Off To Take Care

A collage of Stills from Films, a number showing medical personnel Off To Take Care ©Annett Busch

Celebrating the Many Facets of Care Work Through Film

Taking place over 5 days, the mini-festival Off To Take Care brings together documentaries and fiction, films from different places and times to engage us in thinking about care and exploring it through cinema and vice versa.
It is a dense programme, that is meant to raise questions, to reflect anew on what care could mean and what it can do. And to connect people who do care, but probably in very different ways. The curators Annett Busch and Marie-Hélène Gutberlet will be present throughout and we invite you to be around as much as possible, too, so that conversations can continue, take turns or meander. Join us for drinks and conversations on Saturday, 18 November after programme 4 and for an informal discussion in the round on Sunday 19 November after the final programme at the ICA.
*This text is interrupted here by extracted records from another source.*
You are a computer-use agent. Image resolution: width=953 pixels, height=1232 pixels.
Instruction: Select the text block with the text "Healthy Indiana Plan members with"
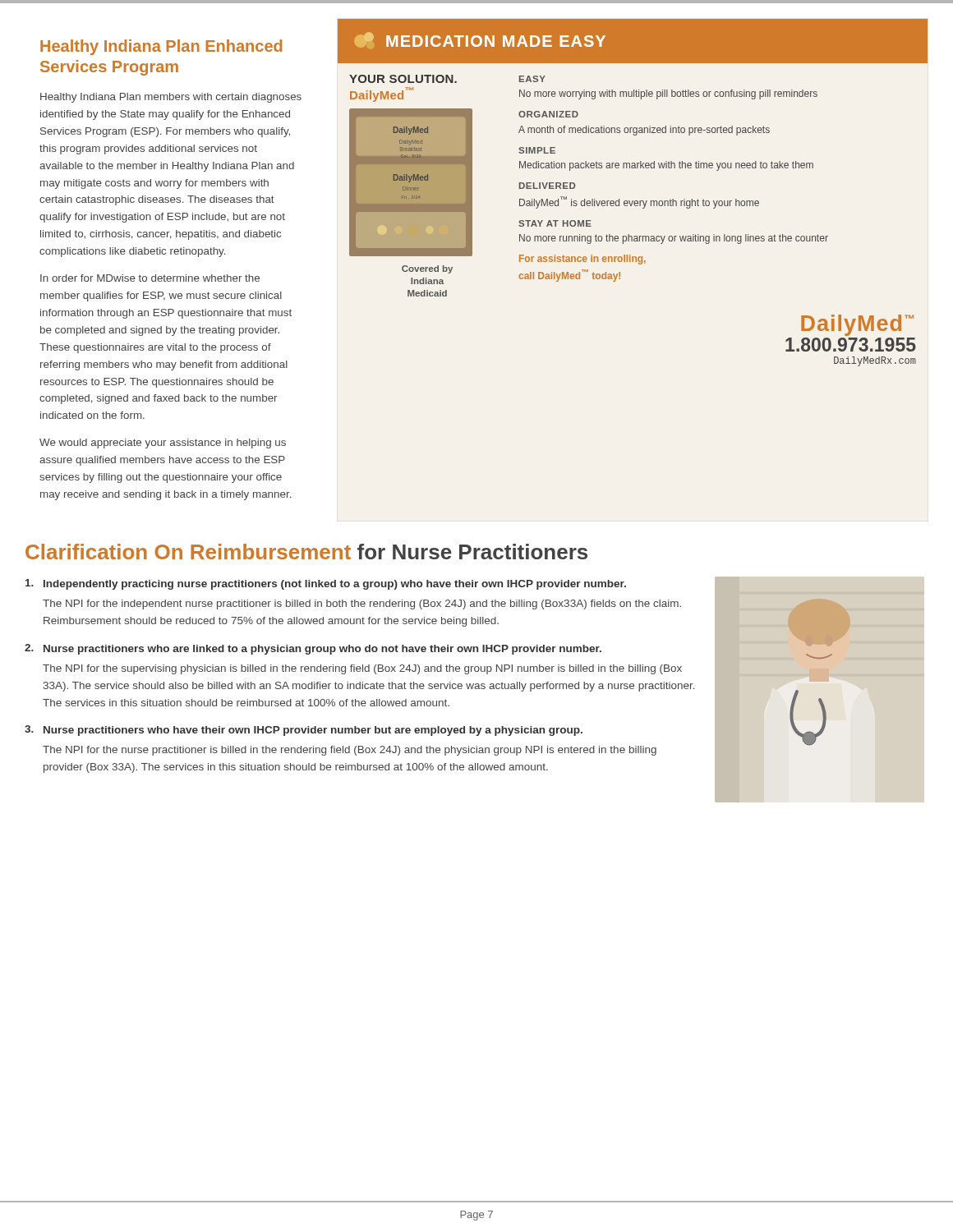click(171, 174)
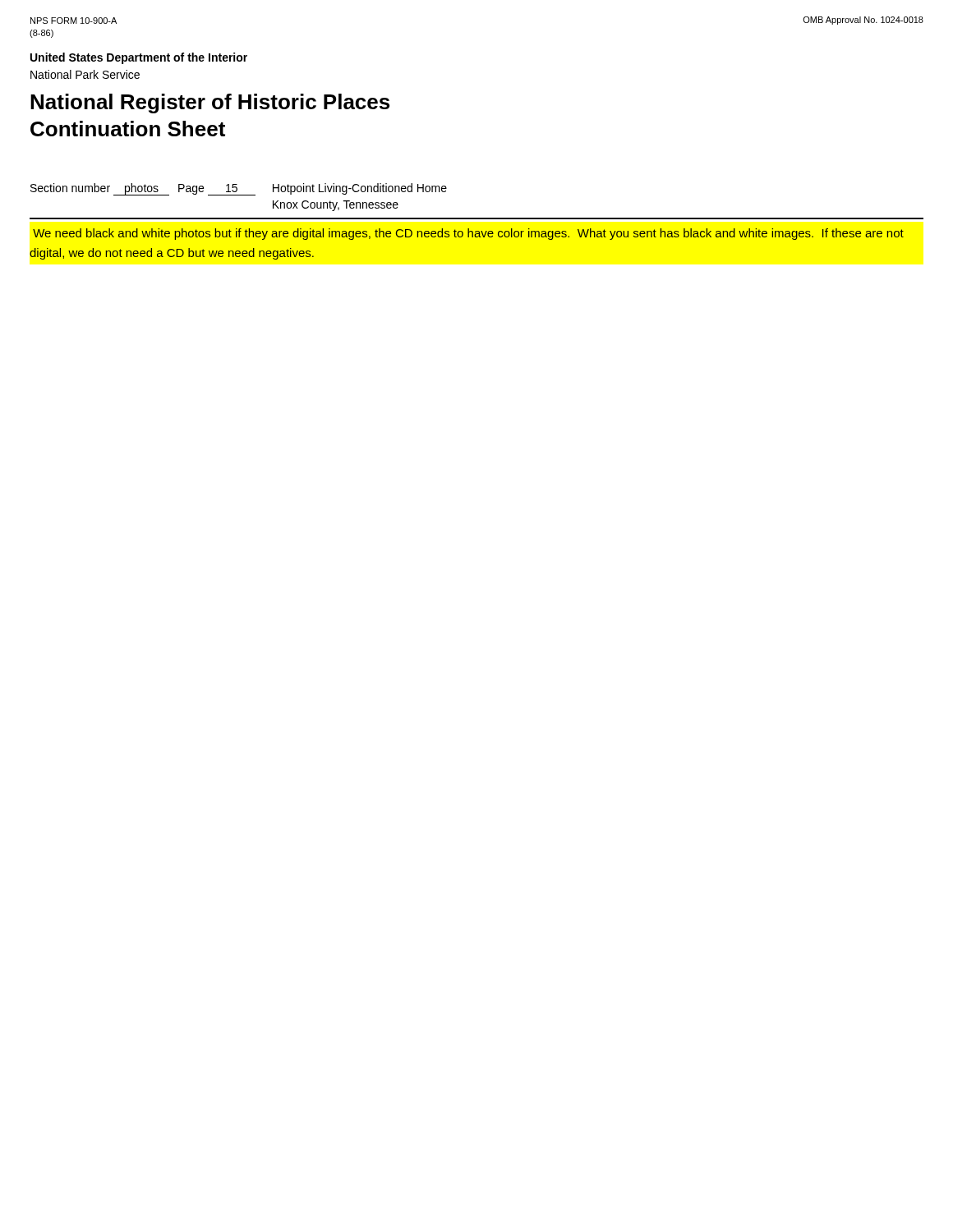
Task: Click on the text block that says "United States Department of"
Action: tap(139, 66)
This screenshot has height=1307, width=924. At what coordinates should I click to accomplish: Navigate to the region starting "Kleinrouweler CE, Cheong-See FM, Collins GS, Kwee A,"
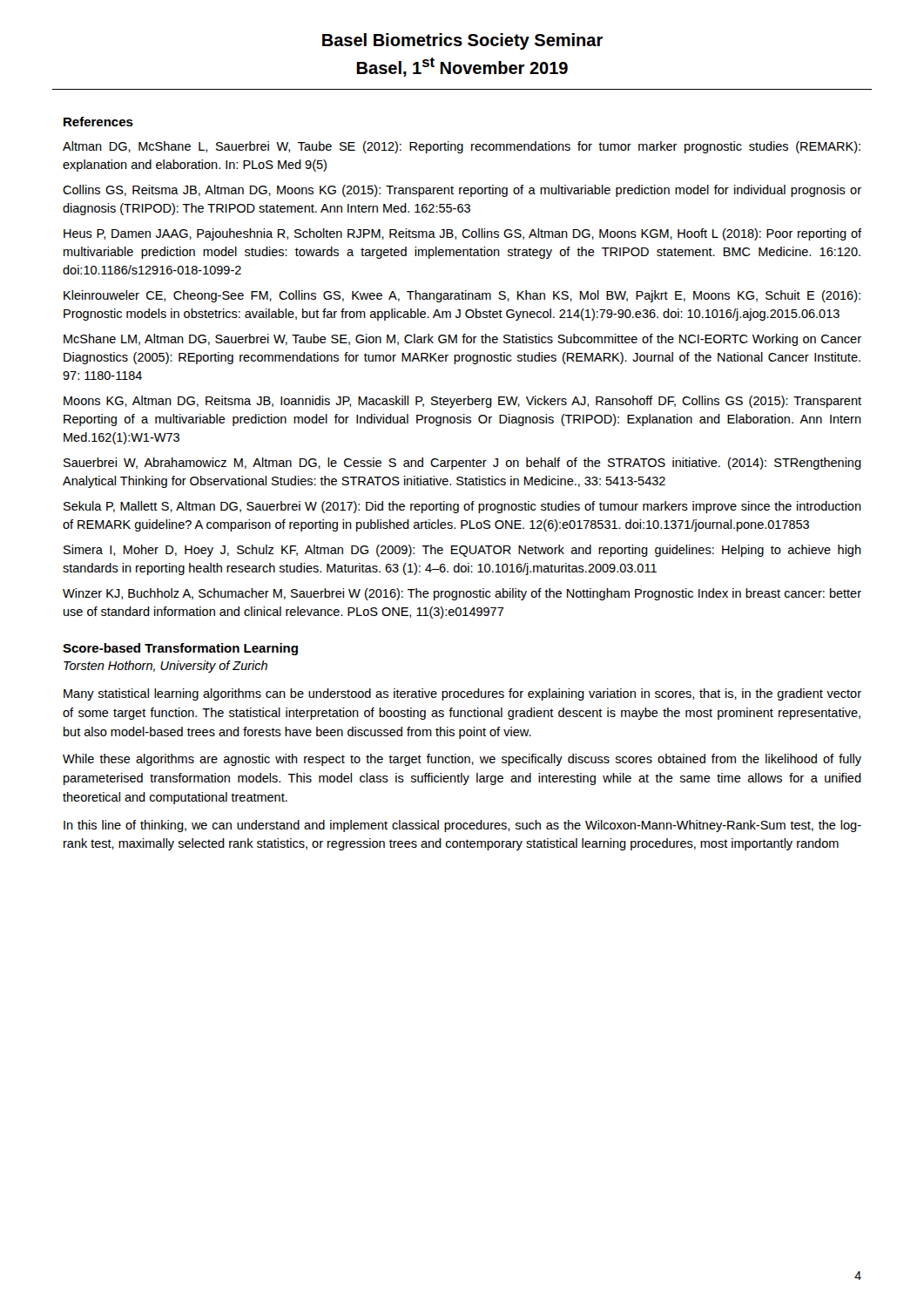point(462,304)
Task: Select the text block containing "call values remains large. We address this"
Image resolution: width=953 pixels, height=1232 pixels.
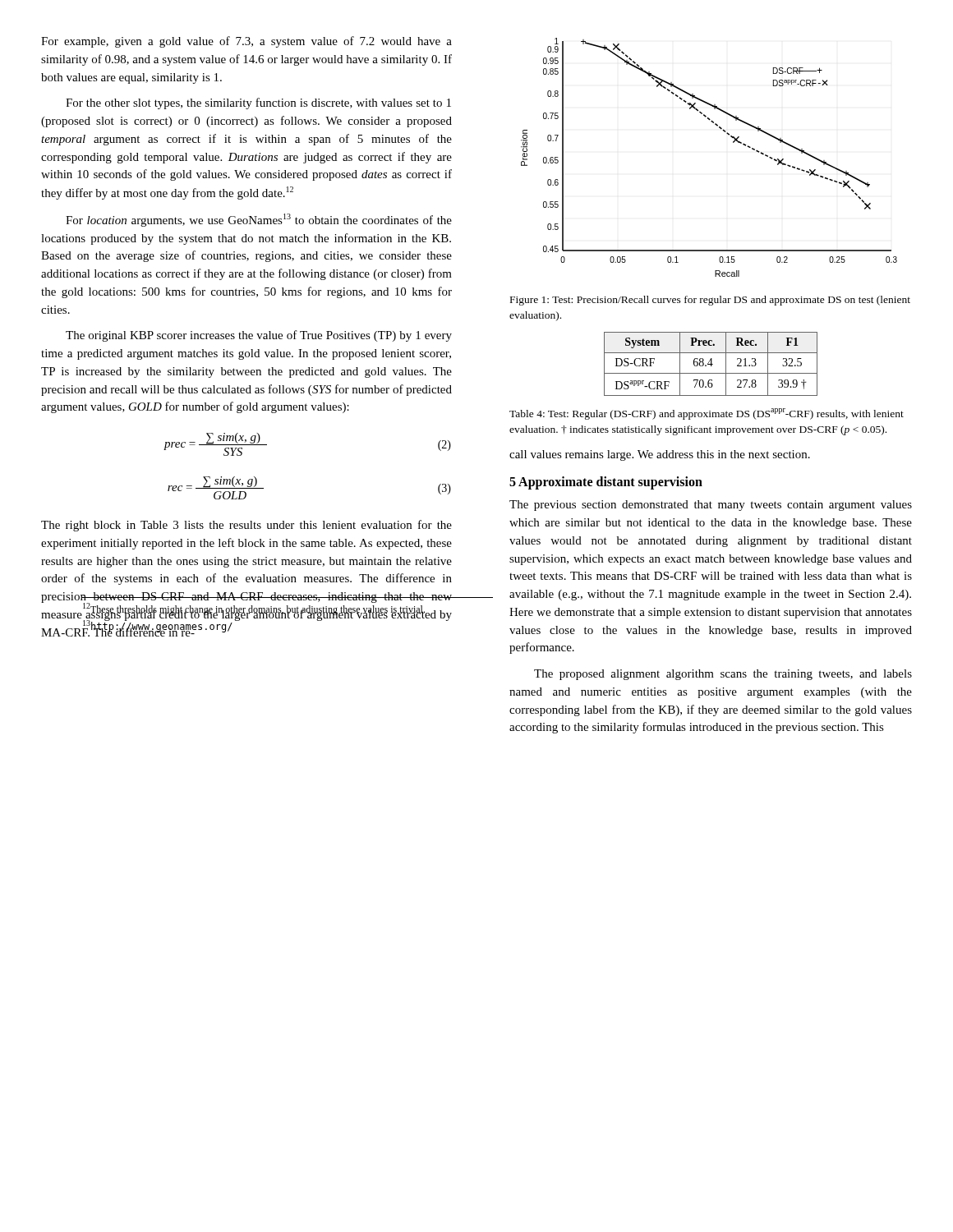Action: (711, 455)
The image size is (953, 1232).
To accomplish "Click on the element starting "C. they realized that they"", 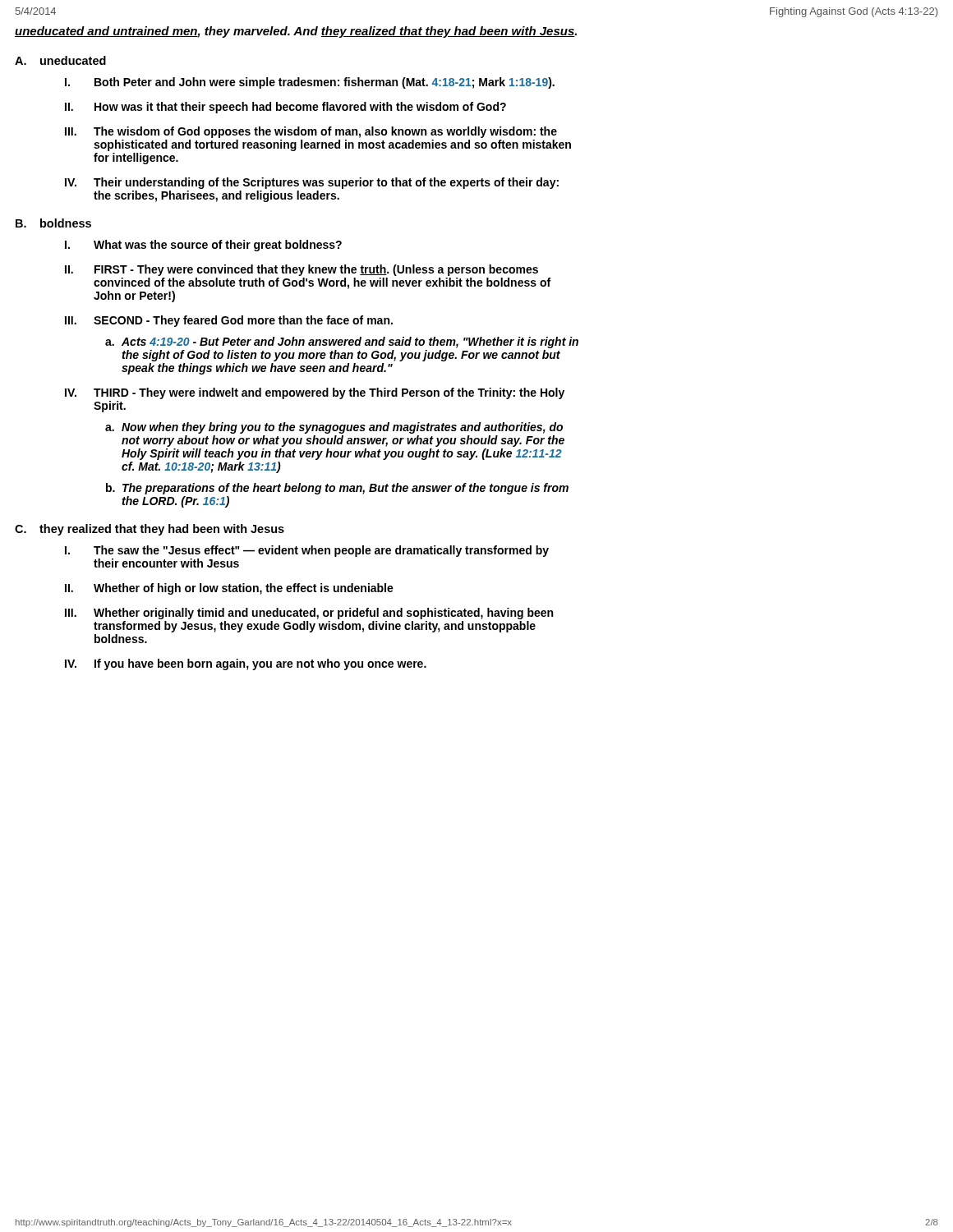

Off To Take Care has been curated by Annett Busch and Marie-Hélène Gutberlet, who together are Women on Aeroplanes


We are pleased that throughout the festival, participants of the Waiting Times Project will share their responses and take part in our discussions about the films.
Funded by the Wellcome Trust, the Waiting Times Project opens up the relationship between time and care, exploring how lived experiences, representations and histories of delayed and impeded time shape and create experiences of care, including healthcare.

All Films are shown with English subtitles.

We would like to thank the ICA for hosting the screening of Heimkinder on 19 November. 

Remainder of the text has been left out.